Stored items from a collection:
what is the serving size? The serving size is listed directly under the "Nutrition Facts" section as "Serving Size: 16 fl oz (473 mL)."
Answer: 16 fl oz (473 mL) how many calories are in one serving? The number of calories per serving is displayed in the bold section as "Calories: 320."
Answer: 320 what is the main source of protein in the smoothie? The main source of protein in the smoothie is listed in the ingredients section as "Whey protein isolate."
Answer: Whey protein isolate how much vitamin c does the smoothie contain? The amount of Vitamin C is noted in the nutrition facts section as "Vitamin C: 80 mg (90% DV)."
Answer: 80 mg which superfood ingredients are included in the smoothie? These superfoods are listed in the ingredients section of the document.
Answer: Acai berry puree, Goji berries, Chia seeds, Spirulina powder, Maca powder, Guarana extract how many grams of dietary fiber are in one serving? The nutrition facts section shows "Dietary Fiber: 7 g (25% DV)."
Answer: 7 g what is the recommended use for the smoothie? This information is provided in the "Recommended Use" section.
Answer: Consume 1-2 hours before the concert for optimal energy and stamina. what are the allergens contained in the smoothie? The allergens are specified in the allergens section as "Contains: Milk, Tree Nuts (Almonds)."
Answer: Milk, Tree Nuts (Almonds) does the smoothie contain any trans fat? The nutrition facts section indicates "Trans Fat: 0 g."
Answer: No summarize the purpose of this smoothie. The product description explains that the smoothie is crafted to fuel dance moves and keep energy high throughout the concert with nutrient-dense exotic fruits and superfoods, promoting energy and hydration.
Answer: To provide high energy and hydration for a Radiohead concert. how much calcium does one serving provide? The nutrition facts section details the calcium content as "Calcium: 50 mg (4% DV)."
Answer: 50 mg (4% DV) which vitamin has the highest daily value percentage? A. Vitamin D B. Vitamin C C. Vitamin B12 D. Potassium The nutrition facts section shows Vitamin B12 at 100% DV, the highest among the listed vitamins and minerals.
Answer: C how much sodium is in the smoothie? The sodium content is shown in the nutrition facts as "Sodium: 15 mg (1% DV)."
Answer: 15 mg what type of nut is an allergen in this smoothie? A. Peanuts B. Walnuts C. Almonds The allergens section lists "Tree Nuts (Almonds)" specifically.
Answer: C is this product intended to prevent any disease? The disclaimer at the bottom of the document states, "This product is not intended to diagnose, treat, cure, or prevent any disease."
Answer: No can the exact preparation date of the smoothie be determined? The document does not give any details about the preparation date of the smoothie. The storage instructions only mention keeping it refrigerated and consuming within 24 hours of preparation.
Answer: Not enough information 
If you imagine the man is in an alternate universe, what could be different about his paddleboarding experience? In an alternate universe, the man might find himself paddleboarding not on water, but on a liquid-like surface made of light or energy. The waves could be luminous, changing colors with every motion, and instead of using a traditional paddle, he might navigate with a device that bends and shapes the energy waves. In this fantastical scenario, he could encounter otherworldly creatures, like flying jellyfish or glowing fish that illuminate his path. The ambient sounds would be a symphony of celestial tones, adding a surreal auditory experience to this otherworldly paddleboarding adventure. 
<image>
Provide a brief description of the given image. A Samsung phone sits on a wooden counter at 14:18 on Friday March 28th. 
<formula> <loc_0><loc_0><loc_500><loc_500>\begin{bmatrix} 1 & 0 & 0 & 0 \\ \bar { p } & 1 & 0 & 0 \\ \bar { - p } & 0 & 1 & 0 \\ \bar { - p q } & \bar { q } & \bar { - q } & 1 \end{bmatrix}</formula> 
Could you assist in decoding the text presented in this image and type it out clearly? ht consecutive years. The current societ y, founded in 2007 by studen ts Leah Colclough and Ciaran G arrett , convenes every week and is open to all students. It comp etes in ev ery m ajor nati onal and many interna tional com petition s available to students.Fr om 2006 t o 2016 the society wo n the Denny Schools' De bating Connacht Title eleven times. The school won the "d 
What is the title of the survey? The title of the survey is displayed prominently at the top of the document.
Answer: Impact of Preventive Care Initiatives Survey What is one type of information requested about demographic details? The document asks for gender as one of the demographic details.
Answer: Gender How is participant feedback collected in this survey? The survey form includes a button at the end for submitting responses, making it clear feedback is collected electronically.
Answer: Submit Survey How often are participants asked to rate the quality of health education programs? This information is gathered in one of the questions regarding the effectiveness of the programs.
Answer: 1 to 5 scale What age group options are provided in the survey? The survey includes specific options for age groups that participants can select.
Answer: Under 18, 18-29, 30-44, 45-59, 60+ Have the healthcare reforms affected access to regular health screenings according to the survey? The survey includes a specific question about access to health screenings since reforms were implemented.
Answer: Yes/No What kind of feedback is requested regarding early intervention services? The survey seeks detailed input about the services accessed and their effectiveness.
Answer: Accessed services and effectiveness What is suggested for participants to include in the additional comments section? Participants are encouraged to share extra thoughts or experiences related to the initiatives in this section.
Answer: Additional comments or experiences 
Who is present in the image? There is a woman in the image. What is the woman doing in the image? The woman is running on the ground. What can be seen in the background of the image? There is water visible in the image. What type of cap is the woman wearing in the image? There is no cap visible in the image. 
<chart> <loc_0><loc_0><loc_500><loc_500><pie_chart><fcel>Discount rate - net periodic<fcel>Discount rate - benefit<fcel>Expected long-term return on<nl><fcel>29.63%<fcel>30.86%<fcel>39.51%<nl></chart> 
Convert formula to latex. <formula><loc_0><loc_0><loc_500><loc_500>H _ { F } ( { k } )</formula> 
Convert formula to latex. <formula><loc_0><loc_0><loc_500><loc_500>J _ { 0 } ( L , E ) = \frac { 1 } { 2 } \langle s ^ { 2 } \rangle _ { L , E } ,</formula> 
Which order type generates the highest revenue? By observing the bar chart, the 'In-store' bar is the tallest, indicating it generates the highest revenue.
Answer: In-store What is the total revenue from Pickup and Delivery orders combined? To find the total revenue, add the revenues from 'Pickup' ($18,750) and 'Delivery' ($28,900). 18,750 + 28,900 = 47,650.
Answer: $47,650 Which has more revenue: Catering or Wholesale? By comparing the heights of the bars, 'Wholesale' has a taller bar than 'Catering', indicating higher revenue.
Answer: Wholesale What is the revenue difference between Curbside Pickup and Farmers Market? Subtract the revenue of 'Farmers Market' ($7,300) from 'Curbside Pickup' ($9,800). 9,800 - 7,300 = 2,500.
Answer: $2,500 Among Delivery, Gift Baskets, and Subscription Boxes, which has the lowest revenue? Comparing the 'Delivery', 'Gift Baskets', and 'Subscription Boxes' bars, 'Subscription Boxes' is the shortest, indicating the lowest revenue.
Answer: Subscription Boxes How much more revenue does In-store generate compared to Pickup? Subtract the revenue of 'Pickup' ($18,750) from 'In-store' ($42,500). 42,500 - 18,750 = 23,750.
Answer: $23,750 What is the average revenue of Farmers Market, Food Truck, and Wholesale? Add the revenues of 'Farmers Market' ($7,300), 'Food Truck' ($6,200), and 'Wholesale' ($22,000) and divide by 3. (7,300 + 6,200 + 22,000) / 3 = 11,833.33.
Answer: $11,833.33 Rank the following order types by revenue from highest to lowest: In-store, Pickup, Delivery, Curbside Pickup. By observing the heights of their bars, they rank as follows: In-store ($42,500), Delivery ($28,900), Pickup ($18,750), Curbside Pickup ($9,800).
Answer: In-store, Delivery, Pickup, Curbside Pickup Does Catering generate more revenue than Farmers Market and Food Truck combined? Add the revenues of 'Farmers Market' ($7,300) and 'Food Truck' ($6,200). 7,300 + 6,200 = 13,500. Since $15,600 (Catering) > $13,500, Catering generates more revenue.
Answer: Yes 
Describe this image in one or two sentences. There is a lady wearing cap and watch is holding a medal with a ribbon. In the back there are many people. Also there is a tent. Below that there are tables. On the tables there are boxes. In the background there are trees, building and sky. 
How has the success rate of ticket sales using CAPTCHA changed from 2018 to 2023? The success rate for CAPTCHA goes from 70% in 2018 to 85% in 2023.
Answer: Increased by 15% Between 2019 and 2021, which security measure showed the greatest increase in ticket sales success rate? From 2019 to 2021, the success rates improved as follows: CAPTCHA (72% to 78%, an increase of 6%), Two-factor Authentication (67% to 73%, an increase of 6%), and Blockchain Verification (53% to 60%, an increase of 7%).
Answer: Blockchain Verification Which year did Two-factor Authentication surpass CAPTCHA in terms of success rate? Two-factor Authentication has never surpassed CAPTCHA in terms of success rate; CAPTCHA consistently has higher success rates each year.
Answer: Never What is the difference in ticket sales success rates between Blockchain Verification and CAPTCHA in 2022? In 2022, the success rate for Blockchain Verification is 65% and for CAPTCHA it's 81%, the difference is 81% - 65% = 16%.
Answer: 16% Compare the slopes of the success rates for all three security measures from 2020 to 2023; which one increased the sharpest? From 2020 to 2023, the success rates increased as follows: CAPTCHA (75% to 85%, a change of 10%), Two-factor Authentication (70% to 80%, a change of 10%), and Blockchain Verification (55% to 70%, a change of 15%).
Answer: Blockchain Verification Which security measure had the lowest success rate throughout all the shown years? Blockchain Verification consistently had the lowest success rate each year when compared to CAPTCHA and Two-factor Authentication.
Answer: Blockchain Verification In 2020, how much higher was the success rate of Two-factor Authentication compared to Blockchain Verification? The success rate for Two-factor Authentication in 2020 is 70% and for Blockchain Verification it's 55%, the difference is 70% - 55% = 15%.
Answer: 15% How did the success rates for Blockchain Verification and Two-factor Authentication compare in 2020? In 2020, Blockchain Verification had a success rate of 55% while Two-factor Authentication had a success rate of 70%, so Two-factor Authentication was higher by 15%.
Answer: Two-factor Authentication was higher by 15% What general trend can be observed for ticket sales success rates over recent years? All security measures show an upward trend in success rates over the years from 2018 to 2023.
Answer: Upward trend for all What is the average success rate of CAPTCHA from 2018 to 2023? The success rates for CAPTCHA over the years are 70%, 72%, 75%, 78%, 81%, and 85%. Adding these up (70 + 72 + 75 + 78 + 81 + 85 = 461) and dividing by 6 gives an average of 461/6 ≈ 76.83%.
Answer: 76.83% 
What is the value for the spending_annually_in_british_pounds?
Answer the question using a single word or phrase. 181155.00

## Prompt:
Look above for the line with "to latex. <formula><loc_0><loc_0><loc_500><loc_500>H"; retype exactly that line, every line after it up to the line with "Answer: $47,650 Which", and that line too, nothing else.

## Written solution:
Convert formula to latex. <formula><loc_0><loc_0><loc_500><loc_500>H _ { F } ( { k } )</formula> 
Convert formula to latex. <formula><loc_0><loc_0><loc_500><loc_500>J _ { 0 } ( L , E ) = \frac { 1 } { 2 } \langle s ^ { 2 } \rangle _ { L , E } ,</formula> 
Which order type generates the highest revenue? By observing the bar chart, the 'In-store' bar is the tallest, indicating it generates the highest revenue.
Answer: In-store What is the total revenue from Pickup and Delivery orders combined? To find the total revenue, add the revenues from 'Pickup' ($18,750) and 'Delivery' ($28,900). 18,750 + 28,900 = 47,650.
Answer: $47,650 Which has more revenue: Catering or Wholesale? By comparing the heights of the bars, 'Wholesale' has a taller bar than 'Catering', indicating higher revenue.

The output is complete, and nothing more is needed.